Late last month, Reds manager Bryan Price expressed regret about how the team handled Bruce’s rehab. [Somewhere, Mat Latos nods]. Now, Bruce claims he is 100 percent and refused to blame his woeful 2014 campaign on his knee injury, which, while noble, is a bit ridiculous.

We know Bruce is going to be better in 2015 — but by how much? My projections for Bruce in 2015:

155 G | 642 PA | 32 2B | 30 HR | .263 AVG | .338 OBP | .480 SLG | .811 OPS

To arrive at my projections — which, of course, assume a healthy 2015 for Bruce — I removed the 2008 (Bruce wasn’t called up until late May), 2009 (Bruce missed two months with a broken wrist) and 2014 (self-explanatory at this point) seasons and factored in Bruce’s 2009-13 campaigns. I then averaged out those four seasons — Bruce doesn’t turn 28 until April 3, so there’s no reason to believe he’s in decline or susceptible to major age-related regression — and arrived at the above numbers, which admittedly came out on the optimistic side of things. However, I split the difference on slugging percentage and on-base plus slugging percentage with my numbers and Jason Linden’s projections because I felt my calculations in those two categories were a bit too optimistic.

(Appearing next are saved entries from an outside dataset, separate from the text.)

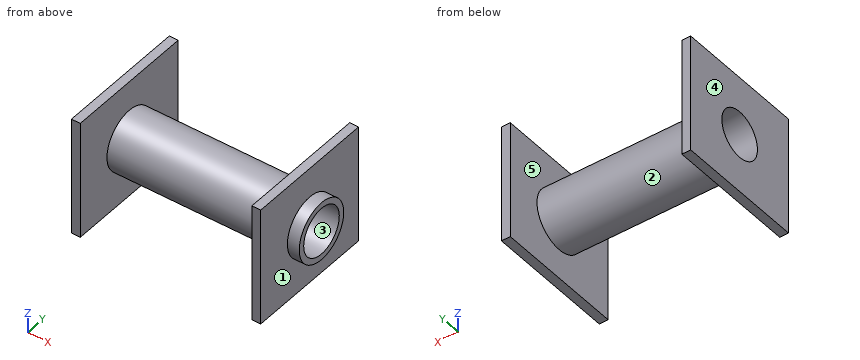
Autodesk Inventor part; units mm, degrees
ref_plane "YZ Plane" through (0, 0, 0) normal (1, 0, 0) x (0, 1, 0)
ref_plane "XZ Plane" through (0, 0, 0) normal (0, 1, 0) x (-1, 0, 0)
ref_plane "XY Plane" through (0, 0, 0) normal (0, 0, 1) x (1, 0, 0)
sketch "Эскиз1" plane through (0, 0, 0) normal (1, 0, 0) x (0, 1, 0)
  line L0 (-11, 10) -> (11, 10)
  line L1 (11, 10) -> (11, -10)
  line L2 (11, -10) -> (-11, -10)
  line L3 (-11, -10) -> (-11, 10)
  line L4 (-11, 10) -> (11, -10) construction
  line L5 (11, 10) -> (-11, -10) construction
  circle A0 centre (0, 0) radius 5
  dimension "d1" = 22
  dimension "d2" = 20
  dimension "d3" = 10
extrude "Выдавливание1" add sketch "Эскиз1" along normal blind 1.5
ref_plane "РабПлоскость1" through (16, 0, 0) normal (1, 0, 0) x (0, 0, -1)
mirror "Зеркальное отражение1" about plane through (16, 0, 0) normal (1, 0, 0) of "Выдавливание1"
sketch "Эскиз2" plane through (0, 0, 0) normal (-1, 0, 0) x (0, 0, 1)
  circle A0 centre (0, 0) radius 5
  circle A1 centre (0, 0) radius 4
  dimension "d7" = 8
extrude "Выдавливание2" add sketch "Эскиз2" against normal blind 34
properties part number "frame" material "Пластмасса, непрозрачная, черная"
Verification items for the finished model (mm, model axes). Face numbers are marked on the shaded views. A direction names the side the tool comes from. Give positions to 0.01 mm unless a question says otherwise; leave off trailing zeros. Order: outer loops, then holes, each group sorted by start corner. A loop starts at its lowest first (then second) coordinate and runs counter-clockwise, first axis right, second up. Notation, with made-up numbers: M 71,72 L 84,72 A32 ccw 84,101 Z; hole C -18.5,31 d6. An arc over 180 degrees is marked long. Use one line per item in the form item = value. Start each with the question number.
Q1. Section check A-A (y = 0). Enter the section's corners in (x, z).
Q2. Section check C-C (x = 11). Enter the section's corners in (y, z), then the cut area to 3 significant figures.
Q3. Section check B-B (z = 0). Enter the section's corners in (x, y).
Q4. Go/stop test with flat-tipped pins: pin 1 Ø1.5 at (x, y) = (3.5, 4.5) entering from +Z; pin 2 Ø5 at (x, y) = (27, 5) entering from +Z; pin 3 Ø5 at (x, y) = (14.5, 6) entering from -Z; pin 4 Ø7 at (y, z) = (0, 0) entering from -X. Record where each tip stops, or that it passes through.
Q5. Access from +Z, -Z, +X, -X, +Y, -Y to the whole of each face (thin tool, end or side, straight path). Record for the marked faces 4 and 5.
Q6. Section check D-D (y = -6.25). Enter the section's corners in (x, z), then the cut area to 3 significant figures.
Q7. Mould release check, pull along Z, two halves, no side actions. Record for the marked faces 1, 2 and 3: +Z half, -Z half, draft (parallel to the pull), parting line (faces both ways), or undercut.
Q8. Scan lines: line 1 along X through (y, z) = (3.25, -4.75); line 2 along Y through (x, z) = (31.5, 0.25); line 3 along Z through (x, y) = (32.5, 0.25). Record each from-to range of solid material in increasing order. Write a range as [from, to].
Evaluation:
q1.outline = M 0,-10 L 1.5,-10 L 1.5,-5 L 30.5,-5 L 30.5,-10 L 32,-10 L 32,-5 L 34,-5 L 34,-4 L 0,-4 Z; M 0,4 L 34,4 L 34,5 L 32,5 L 32,10 L 30.5,10 L 30.5,5 L 1.5,5 L 1.5,10 L 0,10 Z
q2.outline = C 0,0 d10; hole C 0,0 d8
q2.area = 28.3 mm2
q3.outline = M 0,-11 L 1.5,-11 L 1.5,-5 L 30.5,-5 L 30.5,-11 L 32,-11 L 32,-5 L 34,-5 L 34,-4 L 0,-4 Z; M 0,4 L 34,4 L 34,5 L 32,5 L 32,11 L 30.5,11 L 30.5,5 L 1.5,5 L 1.5,11 L 0,11 Z
q4.pin_1 = 3.31
q4.pin_2 = 4.33
q4.pin_3 = -3.57
q4.pin_4 = through
q5.face_4 = +Z, -Z, -X, +Y, -Y
q5.face_5 = none
q6.outline = M 0,-10 L 1.5,-10 L 1.5,10 L 0,10 Z; M 30.5,-10 L 32,-10 L 32,10 L 30.5,10 Z
q6.area = 60.0 mm2
q7.face_1 = draft
q7.face_2 = parting line
q7.face_3 = undercut
q8.line_1 = [0, 1.5], [30.5, 32]
q8.line_2 = [-11, -3.99], [3.99, 11]
q8.line_3 = [-4.99, -3.99], [3.99, 4.99]

With a handy assist from from Steve Mancuso’s Big Reds Preview, one can pinpoint a pair of disturbing trends with Bruce’s numbers: a strikeout rate that has escalated in each of the past five seasons and a walk rate that has decreased over the past four years.

Furthermore, Bruce’s ground ball rate skied almost nine percentage points from 2013 to a career-high 45 percent last season, but as’s Eno Sarris noted earlier this week, that spike was almost assuredly injury-related.

Take a look at the following isolated power heat maps for Bruce. The first map is from the beginning of Bruce’s major-league career through 2013. The second is from 2014.



Through 2013, Bruce walloped just about anything in the strike zone. Last season…not so much. It’s pretty hard to argue that Bruce’s 2014 decline was anything but injury-related. As Sarris noted, the injury to Bruce’s back leg — which would’ve been his injured left leg while standing at the plate — robbed Bruce of his power and resulted in him pounding the ball into the ground like he was a souped-up version of David Eckstein.

So, aside from the return of good health, I believe stable contact peripherals, a wake-up call provided from the doldrums of 2014 and a proper perspective of the defensive shifts employed against him will vault Bruce back into his usual atmosphere of being one of the National League’s top power threats in 2015.